抄録
A case of chronic myelogenous leukemia initiating as lymphoid crisis is reported. A 11-year-old girl was admitted because of fever, lenkocytosis and hepatosplenomegaly on November 10th, 1981. The patient was diagnosed into high risk acute lymphoblastic lenkemia because of her age (older than ten years), high leukocyte count (14,500/cmm with 98.8% blasts), hepatosplenomegaly, and leukemic cells being peroxidase negative and PAS positive. The surface marker studies and enzyme activities of the leukemic cells revealed the characteristics of non-T, non-B acute lymphoblastic leukemia. She was treated with vincristine, L-asparaginase, daunomycin, and prednisolone and complete remission was achieved five weeks after the initiation of therapy. It must be noted, however, that the karyotype of the bone marrow cells was 46, XX, t (9; 22; 12) at the time of hematological complete remission as well as at onset. Three months after the patient relapsed and died of septicemia on December 10th, 1982 in spite of vigorous chemotherapy.

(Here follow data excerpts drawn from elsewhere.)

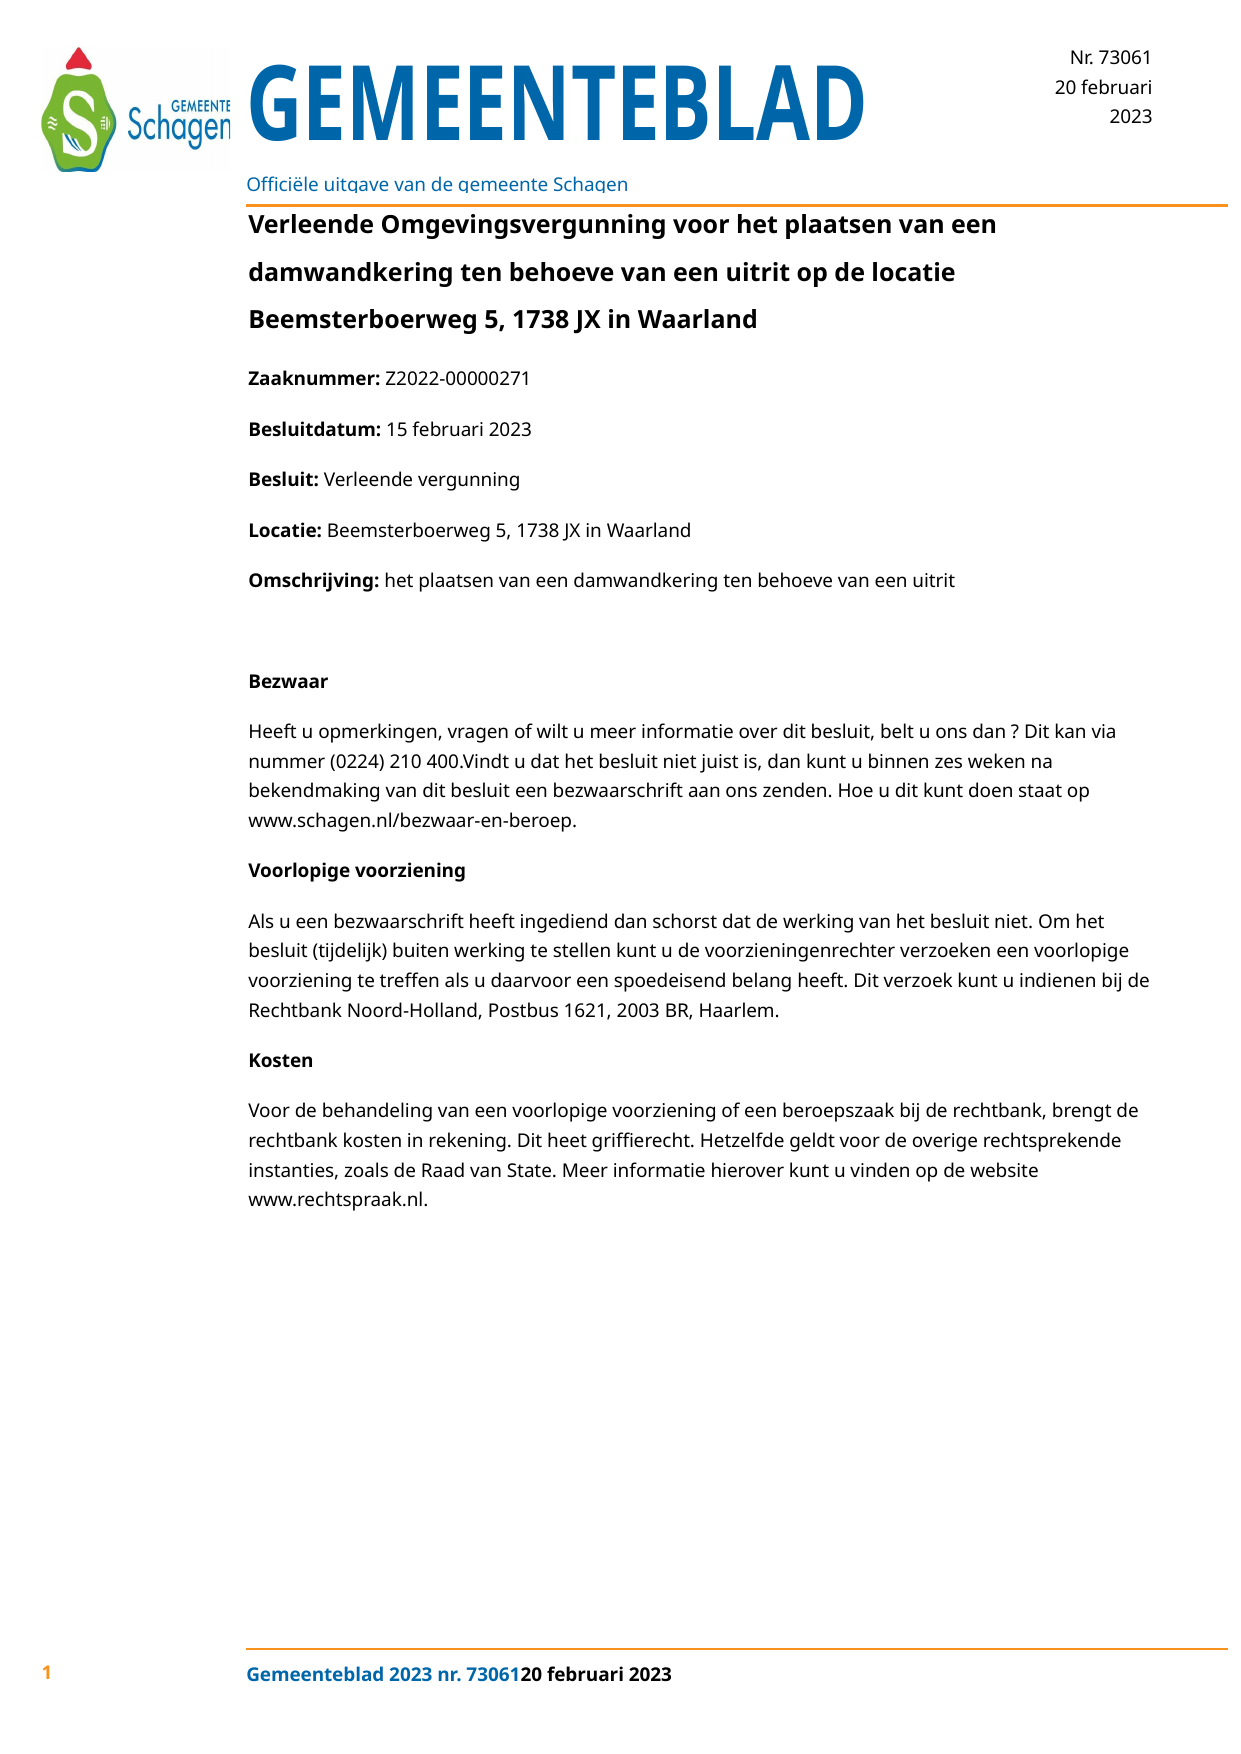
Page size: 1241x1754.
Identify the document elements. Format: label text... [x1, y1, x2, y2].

text Voorlopige voorziening [248, 858, 1152, 883]
text Voor de behandeling van een voorlopige voorziening of een beroepszaak bij de rechtbank, brengt de rechtbank kosten in rekening. Dit heet griffierecht. Hetzelfde geldt voor de overige rechtsprekende instanties, zoals de Raad van State. Meer informatie hierover kunt u vinden op de website www.rechtspraak.nl. [248, 1098, 1152, 1212]
text Locatie: Beemsterboerweg 5, 1738 JX in Waarland [248, 517, 1152, 542]
text Omschrijving: het plaatsen van een damwandkering ten behoeve van een uitrit [248, 567, 1152, 593]
text Besluit: Verleende vergunning [248, 466, 1152, 492]
text Als u een bezwaarschrift heeft ingediend dan schorst dat de werking van het besluit niet. Om het besluit (tijdelijk) buiten werking te stellen kunt u de voorzieningenrechter verzoeken een voorlopige voorziening te treffen als u daarvoor een spoedeisend belang heeft. Dit verzoek kunt u indienen bij de Rechtbank Noord-Holland, Postbus 1621, 2003 BR, Haarlem. [248, 908, 1152, 1022]
text Zaaknummer: Z2022-00000271 [248, 366, 1152, 391]
text Besluitdatum: 15 februari 2023 [248, 416, 1152, 442]
text Kosten [248, 1047, 1152, 1073]
text Verleende Omgevingsvergunning voor het plaatsen van een damwandkering ten behoeve van een uitrit op de locatie Beemsterboerweg 5, 1738 JX in Waarland [248, 207, 1152, 336]
text Heeft u opmerkingen, vragen of wilt u meer informatie over dit besluit, belt u ons dan ? Dit kan via nummer (0224) 210 400.Vindt u dat het besluit niet juist is, dan kunt u binnen zes weken na bekendmaking van dit besluit een bezwaarschrift aan ons zenden. Hoe u dit kunt doen staat op www.schagen.nl/bezwaar-en-beroep. [248, 718, 1152, 833]
picture [41, 47, 231, 172]
text Bezwaar [248, 668, 1152, 694]
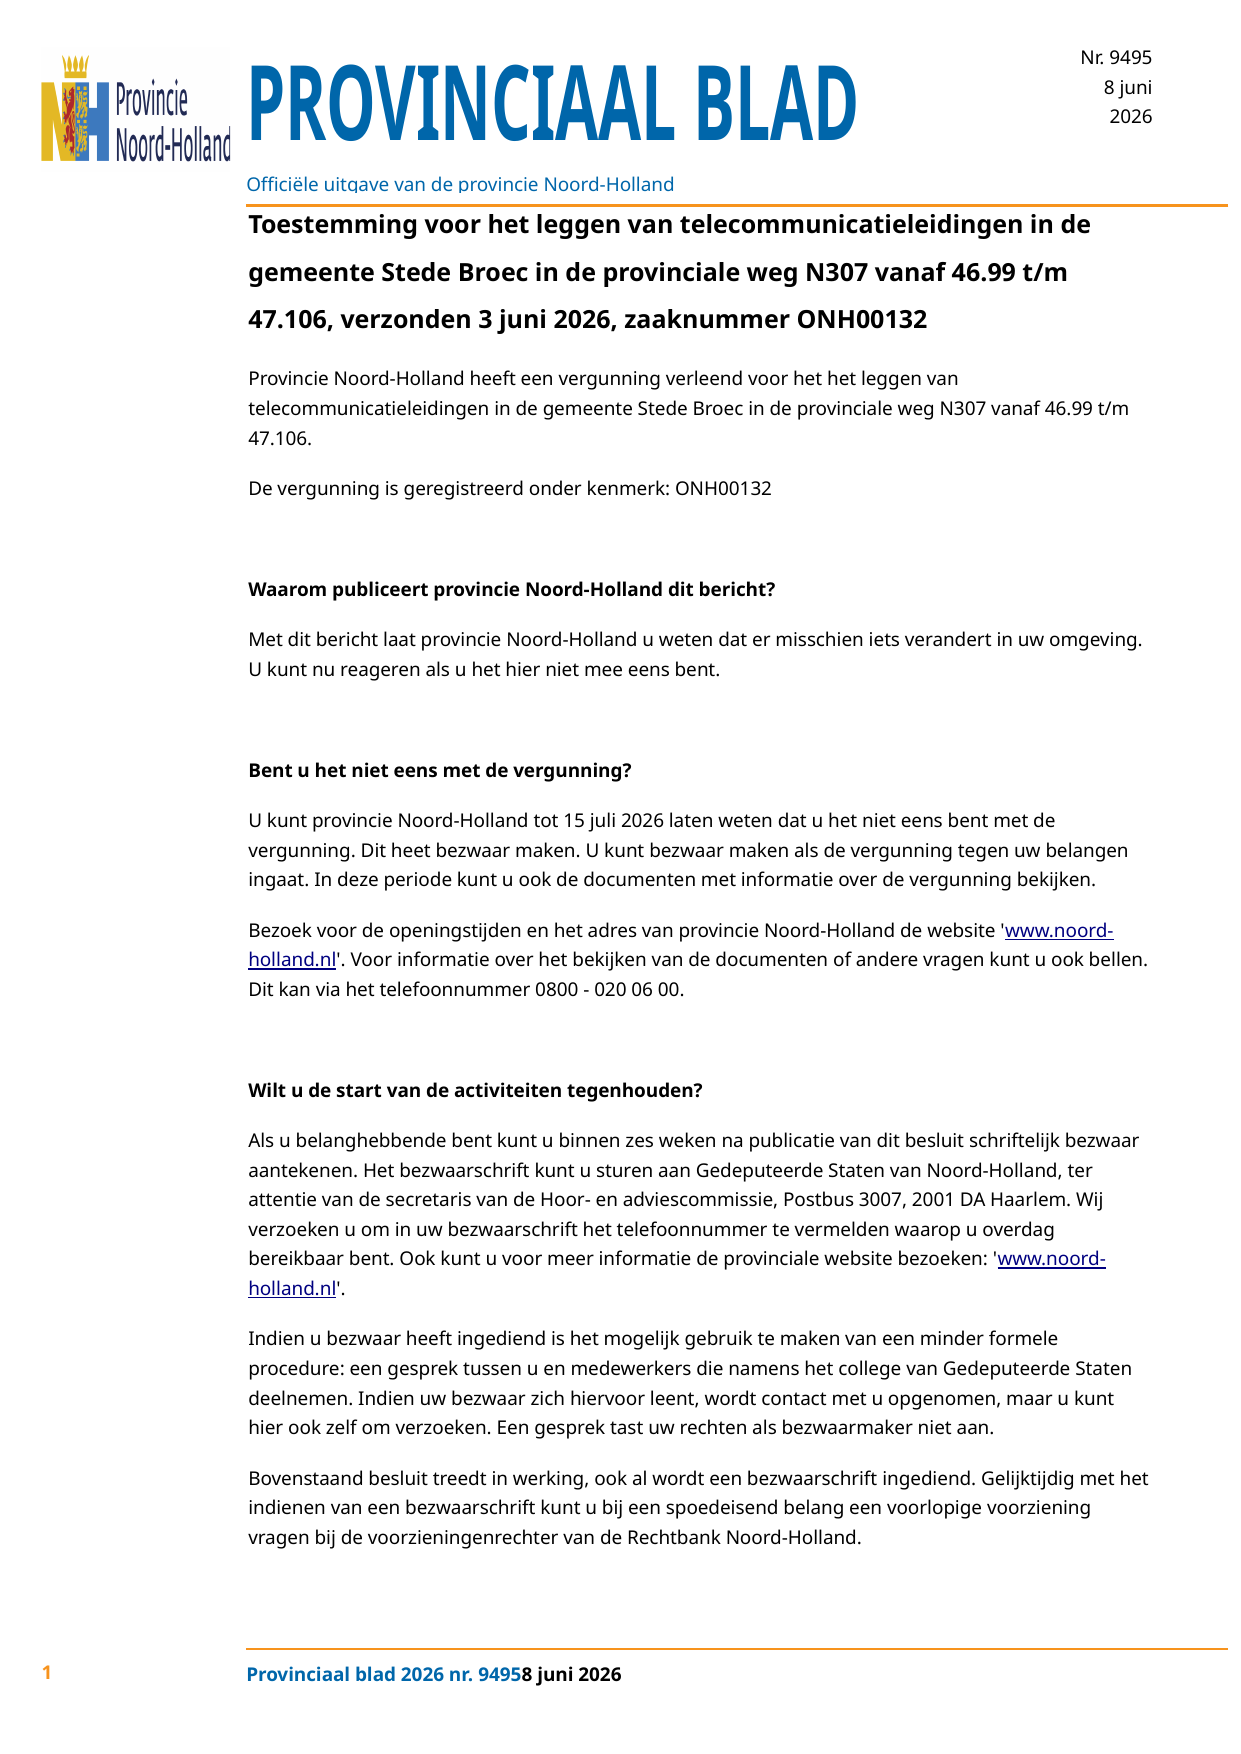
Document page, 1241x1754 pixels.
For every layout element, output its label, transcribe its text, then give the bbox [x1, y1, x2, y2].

text Waarom publiceert provincie Noord-Holland dit bericht? [248, 576, 1152, 602]
text U kunt provincie Noord-Holland tot 15 juli 2026 laten weten dat u het niet eens bent met de vergunning. Dit heet bezwaar maken. U kunt bezwaar maken als de vergunning tegen uw belangen ingaat. In deze periode kunt u ook de documenten met informatie over de vergunning bekijken. [248, 807, 1152, 892]
text Als u belanghebbende bent kunt u binnen zes weken na publicatie van dit besluit schriftelijk bezwaar aantekenen. Het bezwaarschrift kunt u sturen aan Gedeputeerde Staten van Noord-Holland, ter attentie van de secretaris van de Hoor- en adviescommissie, Postbus 3007, 2001 DA Haarlem. Wij verzoeken u om in uw bezwaarschrift het telefoonnummer te vermelden waarop u overdag bereikbaar bent. Ook kunt u voor meer informatie de provinciale website bezoeken: 'www.noord-holland.nl'. [248, 1127, 1152, 1301]
text Wilt u de start van de activiteiten tegenhouden? [248, 1077, 1152, 1102]
text Toestemming voor het leggen van telecommunicatieleidingen in de gemeente Stede Broec in de provinciale weg N307 vanaf 46.99 t/m 47.106, verzonden 3 juni 2026, zaaknummer ONH00132 [248, 207, 1152, 336]
text Bent u het niet eens met de vergunning? [248, 757, 1152, 782]
text Bezoek voor de openingstijden en het adres van provincie Noord-Holland de website 'www.noord-holland.nl'. Voor informatie over het bekijken van de documenten of andere vragen kunt u ook bellen. Dit kan via het telefoonnummer 0800 - 020 06 00. [248, 917, 1152, 1002]
text Bovenstaand besluit treedt in werking, ook al wordt een bezwaarschrift ingediend. Gelijktijdig met het indienen van een bezwaarschrift kunt u bij een spoedeisend belang een voorlopige voorziening vragen bij de voorzieningenrechter van de Rechtbank Noord-Holland. [248, 1465, 1152, 1549]
picture [41, 47, 231, 172]
text De vergunning is geregistreerd onder kenmerk: ONH00132 [248, 475, 1152, 501]
text Provincie Noord-Holland heeft een vergunning verleend voor het het leggen van telecommunicatieleidingen in de gemeente Stede Broec in de provinciale weg N307 vanaf 46.99 t/m 47.106. [248, 366, 1152, 450]
text Indien u bezwaar heeft ingediend is het mogelijk gebruik te maken van een minder formele procedure: een gesprek tussen u en medewerkers die namens het college van Gedeputeerde Staten deelnemen. Indien uw bezwaar zich hiervoor leent, wordt contact met u opgenomen, maar u kunt hier ook zelf om verzoeken. Een gesprek tast uw rechten als bezwaarmaker niet aan. [248, 1326, 1152, 1440]
text Met dit bericht laat provincie Noord-Holland u weten dat er misschien iets verandert in uw omgeving. U kunt nu reageren als u het hier niet mee eens bent. [248, 626, 1152, 682]
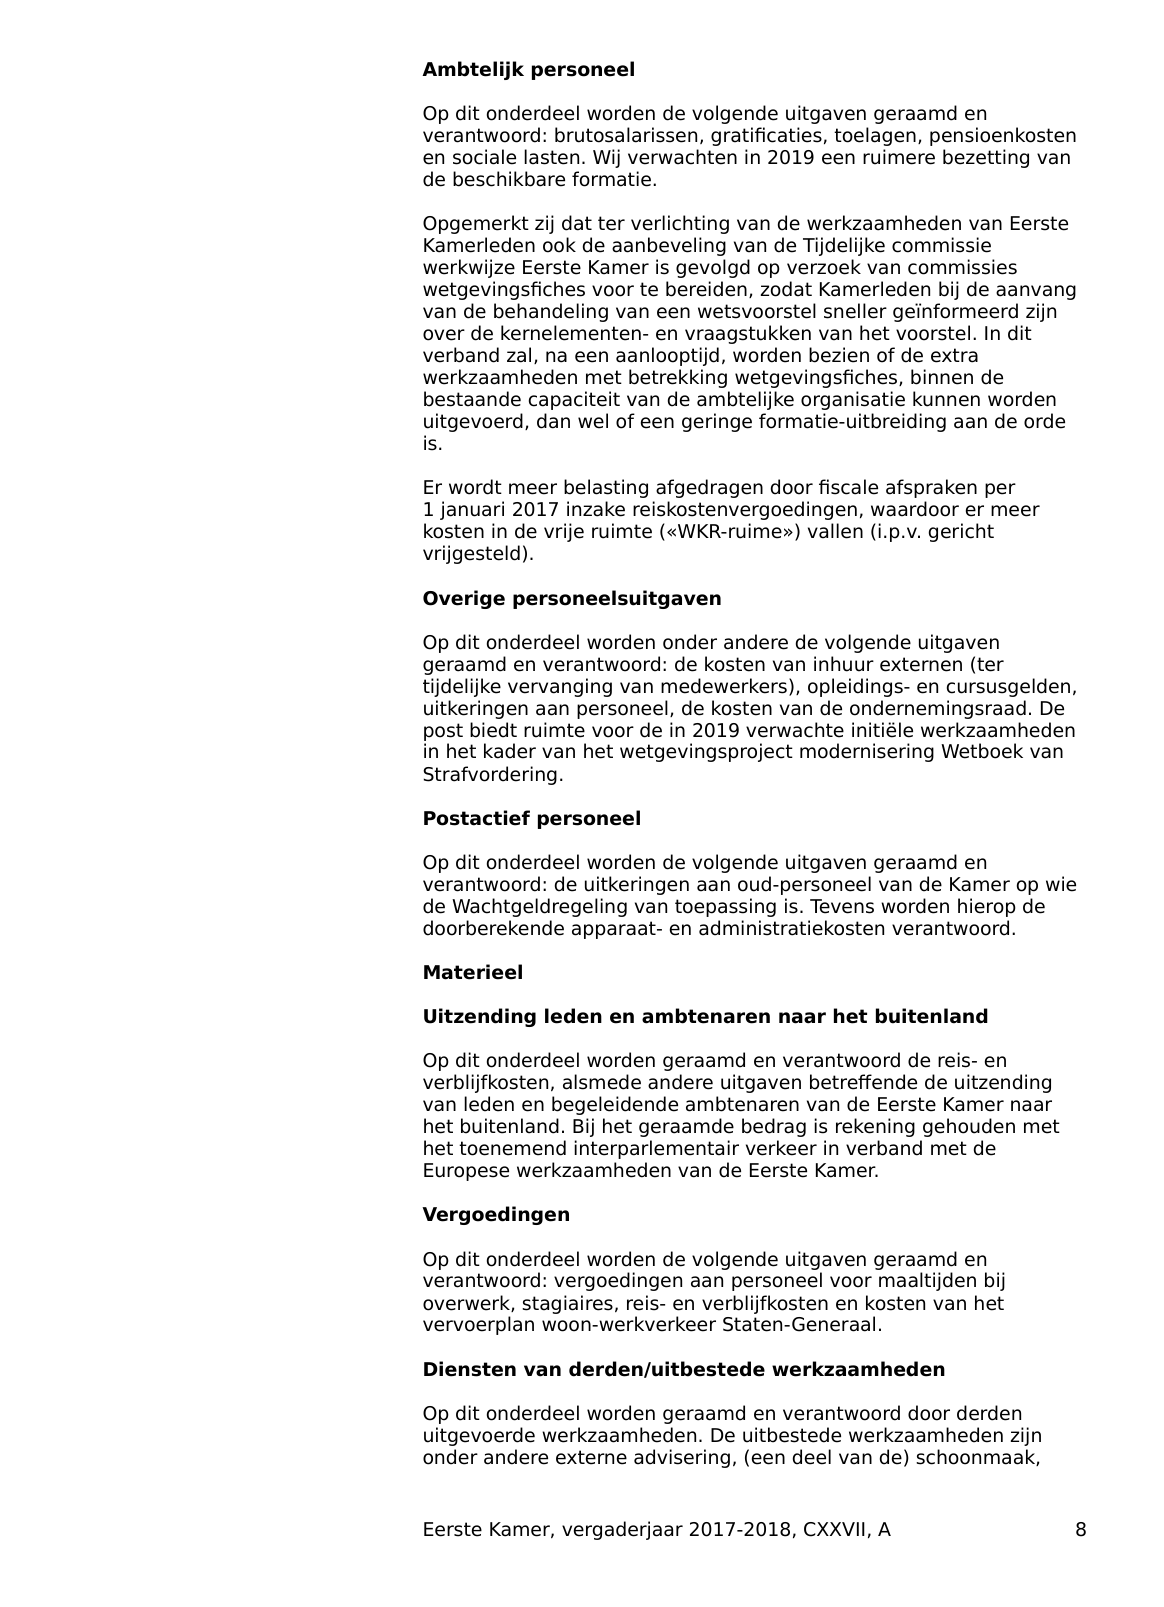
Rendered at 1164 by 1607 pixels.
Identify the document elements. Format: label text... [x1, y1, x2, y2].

subtitle Materieel [422, 962, 1087, 984]
text Op dit onderdeel worden onder andere de volgende uitgaven geraamd en verantwoord: de kosten van inhuur externen (ter tijdelijke vervanging van medewerkers), opleidings- en cursusgelden, uitkeringen aan personeel, de kosten van de ondernemingsraad. De post biedt ruimte voor de in 2019 verwachte initiële werkzaamheden in het kader van het wetgevingsproject modernisering Wetboek van Strafvordering. [422, 632, 1087, 785]
text Op dit onderdeel worden de volgende uitgaven geraamd en verantwoord: de uitkeringen aan oud-personeel van de Kamer op wie de Wachtgeldregeling van toepassing is. Tevens worden hierop de doorberekende apparaat- en administratiekosten verantwoord. [422, 852, 1087, 940]
subtitle Postactief personeel [422, 808, 1087, 829]
subtitle Overige personeelsuitgaven [422, 587, 1087, 609]
subtitle Ambtelijk personeel [422, 59, 1087, 81]
text Op dit onderdeel worden de volgende uitgaven geraamd en verantwoord: brutosalarissen, gratificaties, toelagen, pensioenkosten en sociale lasten. Wij verwachten in 2019 een ruimere bezetting van de beschikbare formatie. [422, 103, 1087, 191]
text Op dit onderdeel worden geraamd en verantwoord door derden uitgevoerde werkzaamheden. De uitbestede werkzaamheden zijn onder andere externe advisering, (een deel van de) schoonmaak, [422, 1403, 1087, 1469]
text Opgemerkt zij dat ter verlichting van de werkzaamheden van Eerste Kamerleden ook de aanbeveling van de Tijdelijke commissie werkwijze Eerste Kamer is gevolgd op verzoek van commissies wetgevingsfiches voor te bereiden, zodat Kamerleden bij de aanvang van de behandeling van een wetsvoorstel sneller geïnformeerd zijn over de kernelementen- en vraagstukken van het voorstel. In dit verband zal, na een aanlooptijd, worden bezien of de extra werkzaamheden met betrekking wetgevingsfiches, binnen de bestaande capaciteit van de ambtelijke organisatie kunnen worden uitgevoerd, dan wel of een geringe formatie-uitbreiding aan de orde is. [422, 213, 1087, 455]
subtitle Diensten van derden/uitbestede werkzaamheden [422, 1358, 1087, 1381]
text Er wordt meer belasting afgedragen door fiscale afspraken per 1 januari 2017 inzake reiskostenvergoedingen, waardoor er meer kosten in de vrije ruimte («WKR-ruime») vallen (i.p.v. gericht vrijgesteld). [422, 477, 1087, 565]
subtitle Vergoedingen [422, 1204, 1087, 1226]
text Op dit onderdeel worden de volgende uitgaven geraamd en verantwoord: vergoedingen aan personeel voor maaltijden bij overwerk, stagiaires, reis- en verblijfkosten en kosten van het vervoerplan woon-werkverkeer Staten-Generaal. [422, 1248, 1087, 1336]
text Op dit onderdeel worden geraamd en verantwoord de reis- en verblijfkosten, alsmede andere uitgaven betreffende de uitzending van leden en begeleidende ambtenaren van de Eerste Kamer naar het buitenland. Bij het geraamde bedrag is rekening gehouden met het toenemend interparlementair verkeer in verband met de Europese werkzaamheden van de Eerste Kamer. [422, 1050, 1087, 1182]
subtitle Uitzending leden en ambtenaren naar het buitenland [422, 1006, 1087, 1028]

She was classified into adult type chronic myelogenous leukemia because of the persistent predominance of Ph1 positive cells while in hematological complete remission. The authors concluded that cytogenetic findings have preference to morphological appearance of lymphoid cells. Besides, the patient had unusual chromosome pattern such as t (9; 22; 12), which has not seen in previous reports regarding to leukemia and chromosome.